T.J. Laverne
author of supernatural historical fiction
The Hall of Records
In “Seven Whistlers,” Wyatt Mortimer reveals to the McGivney girls that his Uncle Spooky once met a man named Edgar Cayce—the “Sleeping Prophet.” In fact, Edgar Cayce was a very real person—even if the fictional character, Spooky, never crossed paths with him. Edgar Cayce, who was born in 1877, was a clairvoyant with purported psychic abilities. He spoke in his sleep, claiming to gain access to these psychic abilities while dreaming, thus making prophecies as he slept. He claimed many things while sleeping, including the assertion that he was reincarnated from a person who had lived on the lost continent of Atlantis.
If you’re not familiar with the mythology, Atlantis was a technologically advanced civilization of great wealth and power which existed sometime around 10,000 B.C. They conquered many lands, and for their greed they were punished by the gods, who sent a massive wave which plunged the whole civilization underwater. Some theorize that Atlantis was located on the island of Santorini, and was destroyed by a tsunami which occurred as the result of a volcanic eruption in 1600 B.C.
Others theorize that Atlantis was the basis for all ancient civilizations around the world. Before the island was destroyed, it is said that some Atlanteans were able to escape and scattered to the different continents, thus bringing Atlantean culture to all corners of the world. This is what Spooky believed, and what he was hoping to prove while he was still alive. Unfortunately, he never got the chance. Now, it is even more important that Wyatt carry on his uncle’s legacy and find the proof Spooky was looking for. Because a new group, called the Brownshirts, are looking to prove the opposite: that the technologically advanced race which lived on Atlantis are the ancestors of the “Aryan race,” thus proving their superiority to all other races.

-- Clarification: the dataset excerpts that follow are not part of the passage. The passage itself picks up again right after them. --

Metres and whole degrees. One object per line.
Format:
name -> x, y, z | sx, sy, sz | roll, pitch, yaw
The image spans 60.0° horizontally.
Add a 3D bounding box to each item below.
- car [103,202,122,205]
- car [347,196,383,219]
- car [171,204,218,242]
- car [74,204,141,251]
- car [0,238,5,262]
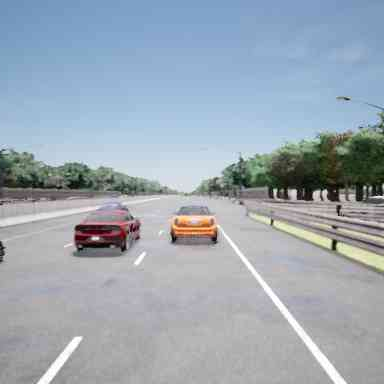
car -> -6.904, 1.602, 29.298 | 2.033, 1.411, 5.357 | 0, 0, 0
car -> 15.506, 1.373, 27.377 | 2.150, 2.045, 5.566 | 1, -1, -22
car -> 0.098, 1.373, 16.689 | 2.097, 1.767, 4.553 | 0, 0, 0
car -> -3.403, 1.494, 14.204 | 1.882, 1.535, 5.008 | 0, 0, 0
car -> -6.915, 1.533, 8.768 | 1.812, 1.442, 4.674 | 0, 0, 0
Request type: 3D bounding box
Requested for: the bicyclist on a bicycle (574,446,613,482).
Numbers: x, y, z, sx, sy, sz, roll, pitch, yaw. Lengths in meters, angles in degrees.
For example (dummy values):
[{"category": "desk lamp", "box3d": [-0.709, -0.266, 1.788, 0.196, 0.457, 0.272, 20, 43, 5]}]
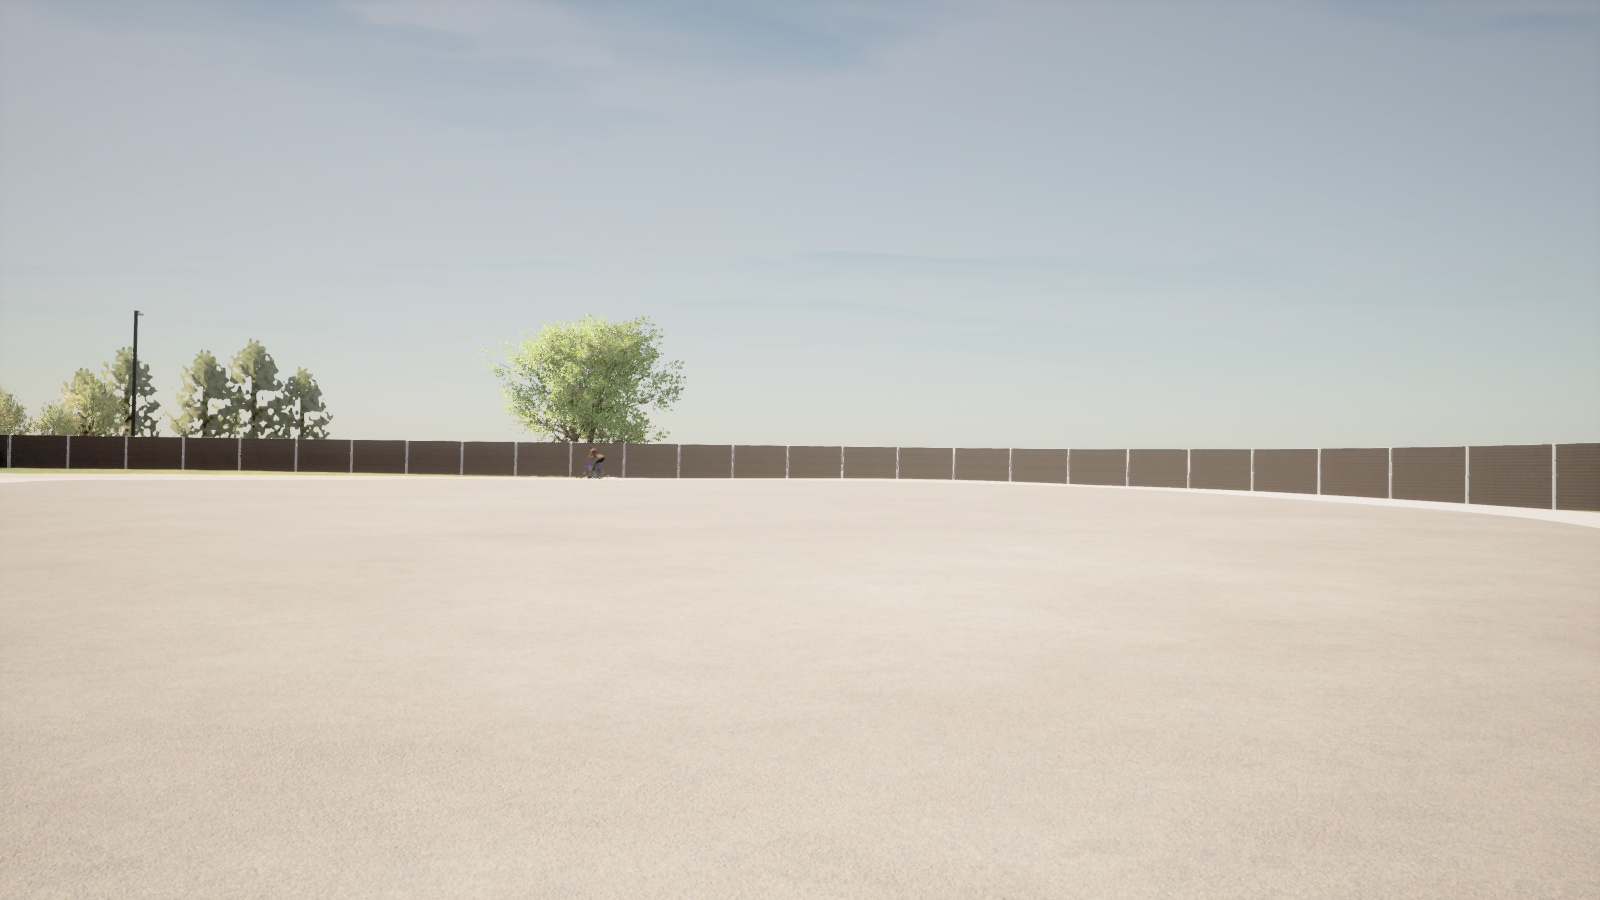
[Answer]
[{"category": "bicyclist on a bicycle", "box3d": [-9.351, 0.633, 56.850, 1.656, 1.620, 0.582, 0, -1, 20]}]
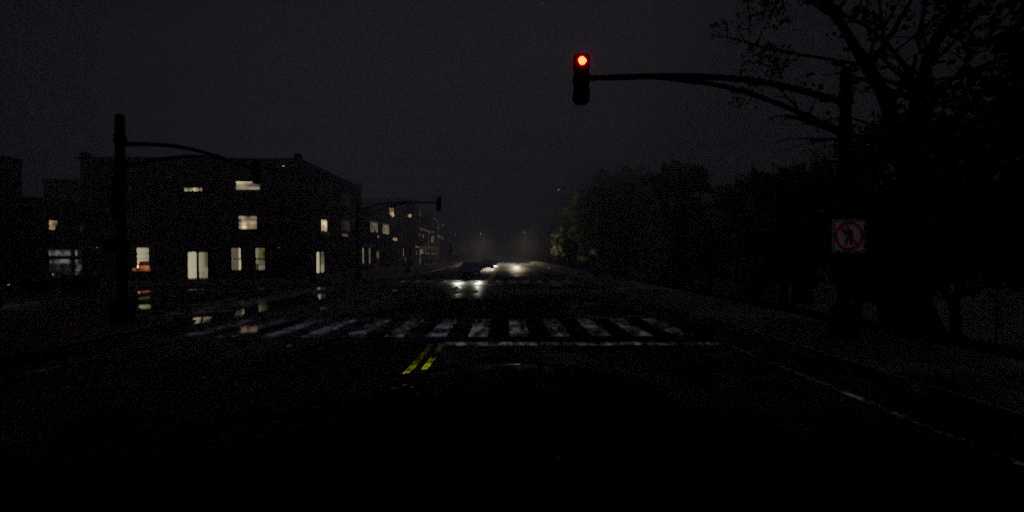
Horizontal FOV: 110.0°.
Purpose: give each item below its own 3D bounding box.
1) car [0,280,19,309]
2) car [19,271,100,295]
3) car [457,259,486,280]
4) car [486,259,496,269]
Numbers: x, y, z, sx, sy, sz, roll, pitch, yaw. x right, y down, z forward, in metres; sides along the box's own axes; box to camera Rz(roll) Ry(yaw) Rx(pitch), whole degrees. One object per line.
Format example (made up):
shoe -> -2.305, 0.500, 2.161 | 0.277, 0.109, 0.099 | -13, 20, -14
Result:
car -> -22.716, 1.662, 13.866 | 4.313, 1.339, 1.948 | 0, 0, -2
car -> -28.493, 1.630, 22.341 | 4.403, 1.370, 2.007 | 0, 0, -2
car -> -3.494, 1.211, 30.343 | 1.882, 1.535, 5.008 | 0, 1, -1
car -> -3.758, 1.162, 53.939 | 1.882, 1.535, 5.008 | 0, 1, -1
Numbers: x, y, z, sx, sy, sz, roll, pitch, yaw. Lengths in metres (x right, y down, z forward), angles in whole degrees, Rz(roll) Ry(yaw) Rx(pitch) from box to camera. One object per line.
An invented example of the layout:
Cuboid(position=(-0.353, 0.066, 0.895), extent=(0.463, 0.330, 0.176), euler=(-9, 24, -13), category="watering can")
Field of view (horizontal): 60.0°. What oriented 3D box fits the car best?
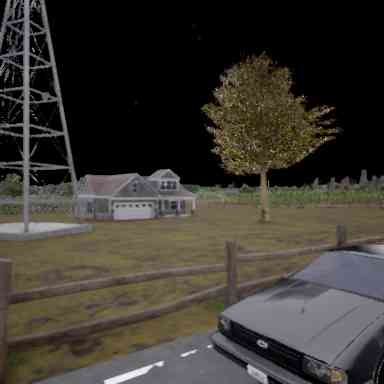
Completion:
Cuboid(position=(2.864, 1.573, 5.115), extent=(5.357, 1.411, 2.033), euler=(0, 0, -36), category="car")
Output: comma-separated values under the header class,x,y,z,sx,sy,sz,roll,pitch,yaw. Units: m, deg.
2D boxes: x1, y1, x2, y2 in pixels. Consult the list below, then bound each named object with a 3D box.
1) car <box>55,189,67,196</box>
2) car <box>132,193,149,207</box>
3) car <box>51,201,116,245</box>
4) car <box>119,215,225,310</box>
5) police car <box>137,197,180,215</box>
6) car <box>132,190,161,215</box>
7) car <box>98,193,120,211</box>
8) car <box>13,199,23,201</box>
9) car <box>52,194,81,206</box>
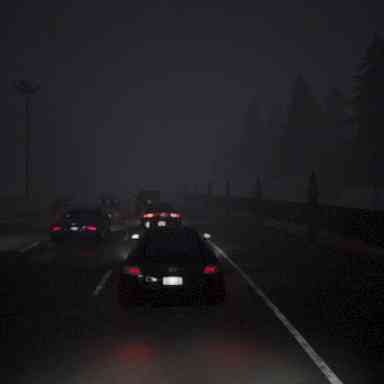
class,x,y,z,sx,sy,sz,roll,pitch,yaw
car,-33.496,0.118,85.066,2.097,1.767,4.553,0,1,-12
car,-6.648,0.914,42.514,1.801,1.575,5.366,0,1,-12
car,-4.693,1.359,14.614,2.033,1.411,5.357,0,1,-9
car,-0.467,1.464,7.688,1.994,1.385,4.181,0,1,-4
police car,-1.784,1.272,17.920,2.038,1.542,4.974,0,0,-9
car,-3.865,0.853,28.985,2.150,2.045,5.566,0,1,-11
car,-8.415,0.919,33.770,2.097,1.767,4.553,0,1,-12
car,-20.334,0.994,38.600,2.128,1.511,4.902,0,1,-12
car,-11.148,1.109,29.711,2.128,1.511,4.902,0,1,-12
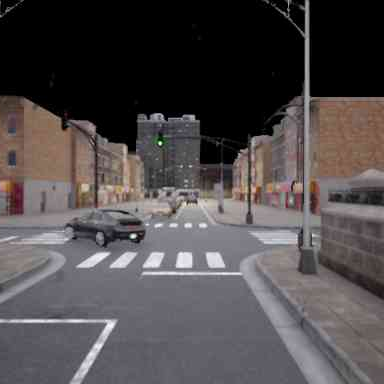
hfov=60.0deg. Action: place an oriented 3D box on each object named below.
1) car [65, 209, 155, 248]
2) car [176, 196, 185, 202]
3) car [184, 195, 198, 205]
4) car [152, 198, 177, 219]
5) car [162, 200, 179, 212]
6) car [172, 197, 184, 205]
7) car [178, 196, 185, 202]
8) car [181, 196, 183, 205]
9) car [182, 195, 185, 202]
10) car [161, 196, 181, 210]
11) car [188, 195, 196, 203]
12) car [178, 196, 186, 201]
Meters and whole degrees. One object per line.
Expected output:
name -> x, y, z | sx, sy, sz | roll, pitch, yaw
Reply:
car -> -4.073, 1.541, 15.186 | 1.837, 1.490, 4.892 | 1, -1, -45
car -> -2.640, 1.704, 79.382 | 2.008, 1.369, 4.403 | 0, 0, 0
car -> -0.001, 1.467, 61.253 | 2.097, 1.767, 4.553 | 0, 0, 0
car -> -2.640, 1.578, 30.143 | 1.752, 1.417, 4.829 | 0, 0, 0
car -> -2.640, 1.656, 41.217 | 1.802, 1.307, 4.206 | 0, 0, 0
car -> -2.640, 1.670, 63.026 | 2.008, 1.369, 4.403 | 0, 0, 0
car -> -2.641, 1.689, 84.664 | 1.752, 1.417, 4.829 | 0, 0, 0
car -> -2.640, 1.610, 46.500 | 1.752, 1.417, 4.829 | 0, 0, 0
car -> -2.640, 1.673, 57.573 | 1.947, 1.339, 4.313 | 0, 0, 0
car -> -2.640, 1.379, 35.766 | 2.192, 1.841, 5.009 | 0, 0, 0
car -> -0.001, 1.504, 72.183 | 1.882, 1.535, 5.008 | 0, 0, 0
car -> -2.640, 1.742, 90.286 | 1.947, 1.339, 4.313 | 0, 0, 0
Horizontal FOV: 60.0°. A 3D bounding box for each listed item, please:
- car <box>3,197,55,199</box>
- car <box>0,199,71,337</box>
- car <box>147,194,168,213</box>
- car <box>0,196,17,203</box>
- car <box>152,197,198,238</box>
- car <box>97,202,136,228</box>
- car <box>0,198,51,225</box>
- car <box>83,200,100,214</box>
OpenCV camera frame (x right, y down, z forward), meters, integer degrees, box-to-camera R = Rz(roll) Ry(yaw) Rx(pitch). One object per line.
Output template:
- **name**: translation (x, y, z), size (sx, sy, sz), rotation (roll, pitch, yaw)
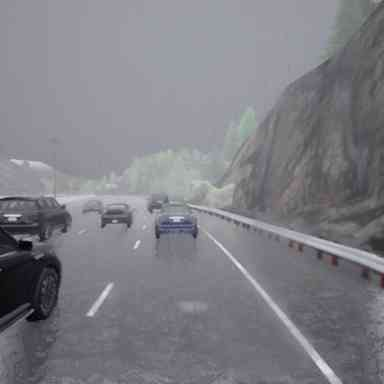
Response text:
- **car**: translation (-7.808, 1.239, 16.716), size (2.150, 2.045, 5.566), rotation (0, 0, -5)
- **car**: translation (-3.538, 1.229, 4.101), size (2.150, 2.045, 5.566), rotation (0, 0, -2)
- **car**: translation (-3.795, 1.232, 37.386), size (2.150, 2.045, 5.566), rotation (0, 0, -11)
- **car**: translation (-40.159, 1.589, 72.638), size (2.128, 1.511, 4.902), rotation (0, 0, -12)
- **car**: translation (-0.919, 1.355, 17.838), size (2.097, 1.767, 4.553), rotation (0, 0, -5)
- **car**: translation (-4.945, 1.517, 22.521), size (1.837, 1.490, 4.892), rotation (0, 0, -7)
- **car**: translation (-12.356, 1.380, 25.056), size (2.097, 1.767, 4.553), rotation (0, 0, -8)
- **car**: translation (-10.626, 1.572, 35.978), size (2.033, 1.411, 5.357), rotation (0, 0, -11)
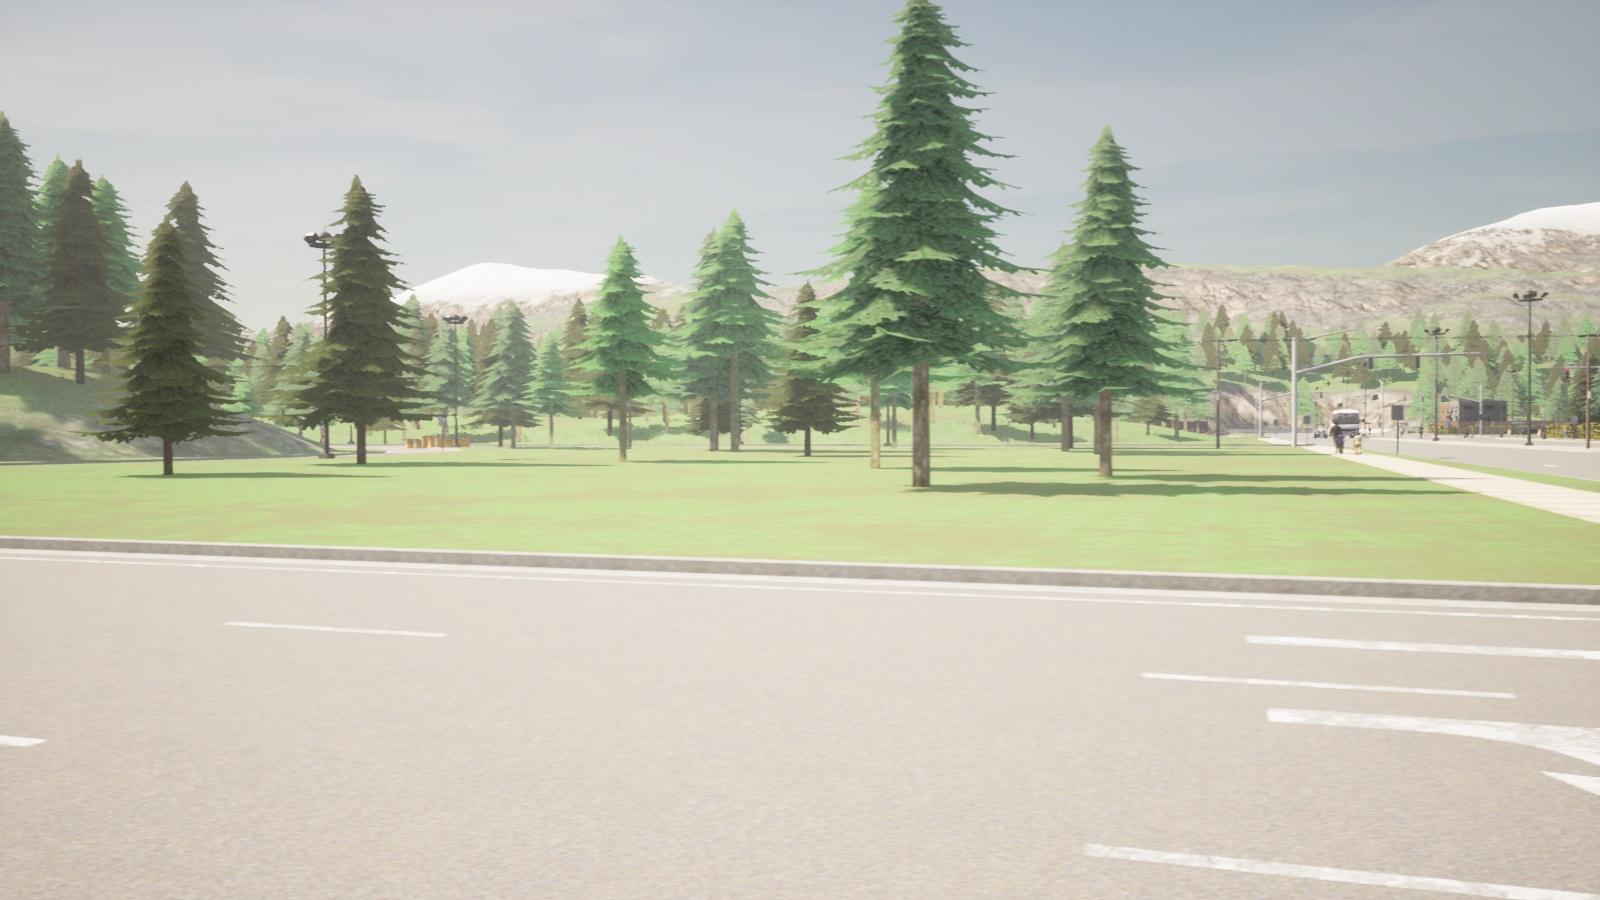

According to his “inside knowledge,” Edgar Cayce prophesied that the Atlanteans, before their destruction, brought all of their treasures to two locations which he named the “Hall of Records”: one beneath the paws of the Great Sphinx in Cairo, Egypt, and one on the Yucatan Peninsula in Mexico. Since Spooky already searched the Hall of Records in Cairo and found nothing, it is Wyatt’s job to find the one on the Yucatan Peninsula.
I love linking all of my books together in strange, subtle ways, and there are links in “Seven Whistlers” to two of my previous novels: “Wandering Star” and “Phineas and Aurora.” In “Wandering Star,” the third book of the Puddle Jumper Trilogy, Leena time-travels to an Atlantis that could very well have stowed away the treasures in the Hall of Records. In the Hall of Records, as well as in Leena’s Atlantis, there is evidence of a melding of all the cultures and races around the world.
In “Phineas and Aurora,” Phineas and Aurora’s team of explorers find the Hall of Records beneath the Great Sphinx’s paws in Cairo, although no one strictly calls it the "Hall of Records," and remove its only treasure: The Book of Thoth. “Phineas and Aurora” took place in 1841. So, it’s very possible that the reason the Hall of Records which Spooky searched beneath the Sphinx’s paws in the 1920s is empty, is because Phineas and Aurora removed all of its contents, first. Isn’t it?